El bicentenario de la Constitución de 1812 nos vuelve a hacer reflexionar sobre la importancia de este tipo de documentos como norma de convivencia y apuesta por la sociedad que queremos. No hay duda, y en esto es imposible el desacuerdo, que aquellos patriotas del 19 de marzo de 1.812 buscaban hacer de España una nación moderna y libre, una nación carente de miedos y complejos, dispuesta a apostar por su futuro a pesar de la dificultad del momento y la agitación a la que sometía por entonces a la nación el ejército francés. La revisión actual del texto de la Constitución de 1.812 revela un documento liberal que ponía al país a la altura de los territorios con mayores libertades y derechos humanos en la época.
Eran tiempos muy difíciles que exigían soluciones audaces y apuestas rigurosas, reformas que en muchos casos parecían imposibles y que levantaban ampollas en aquellos que querían hacer del control político y social toda su fortaleza. España quería entrar en el club de los países más modernos y tal vez por ello, el ambiente bélico del momento no impidió que constituyentes de todo el país se jugaran la vida para poder sancionar en Cádiz a “La Pepa”.

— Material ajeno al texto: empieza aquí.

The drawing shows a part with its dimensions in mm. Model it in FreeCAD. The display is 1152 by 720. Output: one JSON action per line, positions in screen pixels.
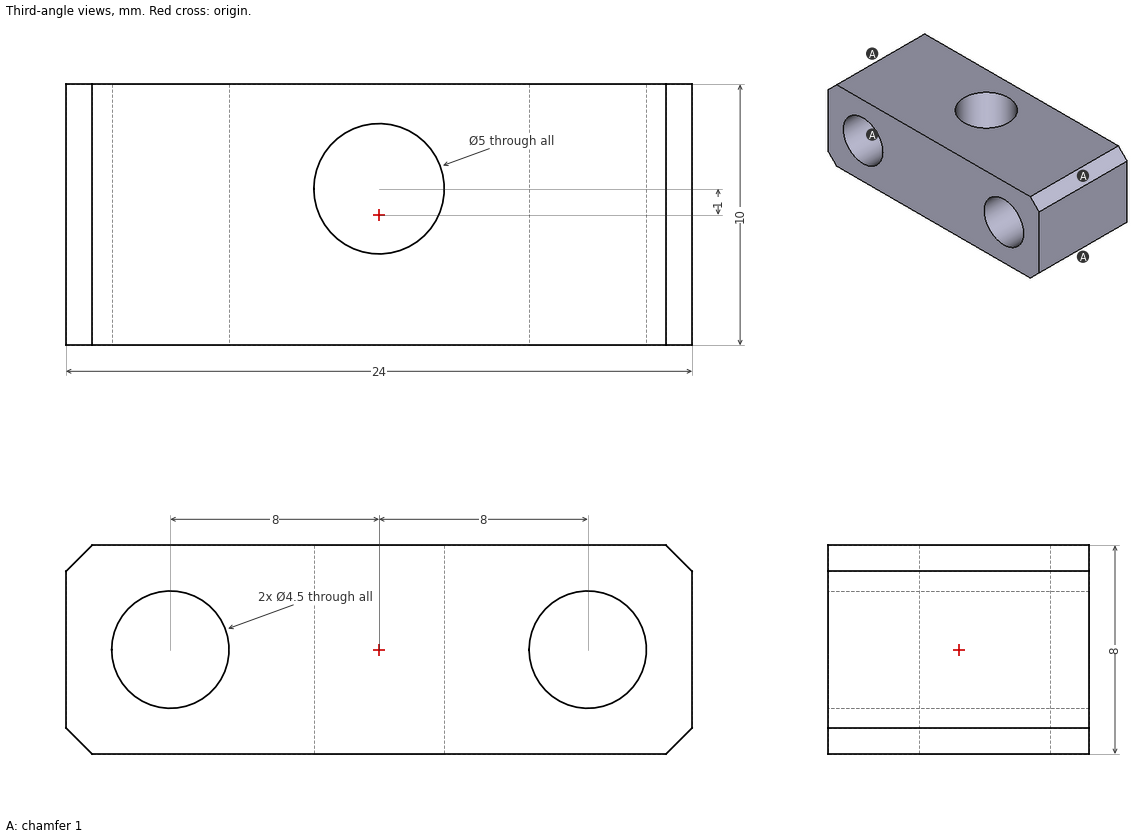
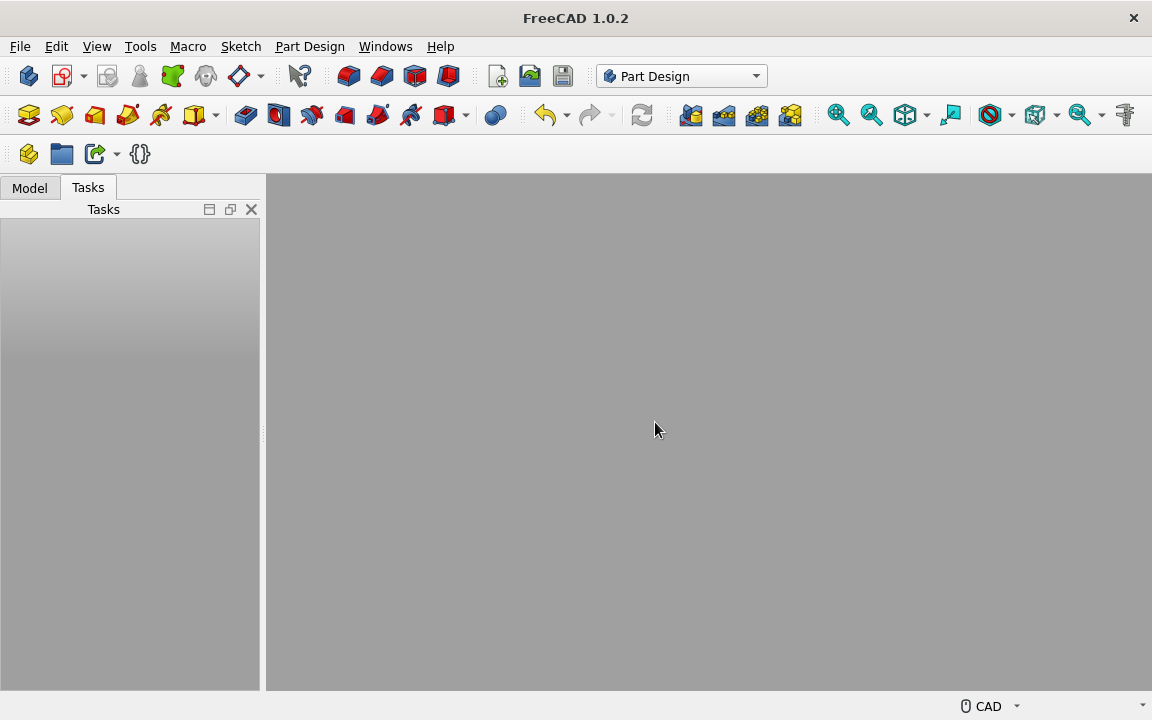
{"action": "left_click", "coordinate": [497, 76]}

Hoy, dos siglos más tarde, España no está en guerra, pero sí en una encrucijada que marcará irremediablemente su futuro. Una crisis económica, de efectos devastadores sobre nuestra sociedad, tiene como aliada una crisis de valores que nos hace cada vez más individualistas y egocéntricos. Tal vez por ello haga falta retomar el espíritu de aquellos valientes, para determinar reformas y decisiones que nos permitan encarar el futuro. De alguna manera a ello convocaron ayer tanto el Rey como Rajoy, que vieron una similitud en los tiempos… España necesita patriotas, sin que en ello se vea rememorar el antiguo régimen, que tengan capacidad de diálogo y vocación de renuncia. El Gobierno está haciendo reformas que desde luego son mejor que la «nada» que ejercía el anterior ejecutivo, pero se necesita recuperar el espíritu de la Constitución del 1812 o de la de 1978, para hacer una apuesta rigurosa y positiva por el futuro. Tal vez eso suponga adaptar nuestra Constitución al nuevo tiempo y por eso creo que no sería malo que los partidos empezaran a pensar en una reforma a fondo… Las Constituciones siempre han dado tiempo de paz y de diálogo porque han sabido adecuarse a los tiempos. Una Constitución caduca no sirve y por eso no hay que dejarla envejecer. Recuperar ese espíritu de consenso ahora nos hace mucha falta, está claro.
Hasta que no pasen las elecciones andaluzas los partidos no van a ser ellos mismos.Pero como luego vienen las vascas estarán otra vez a la riña.No se puede estar en constante campaña electoral porque hace que nada sea real y todo se mire con el interés de captar el voto.No sobra pedir la reforma de la constitución y adaptarla a los tiempos del momento pero para eso hay que dialogar y esa es algo muy difícil en un país en constante campaña electoral.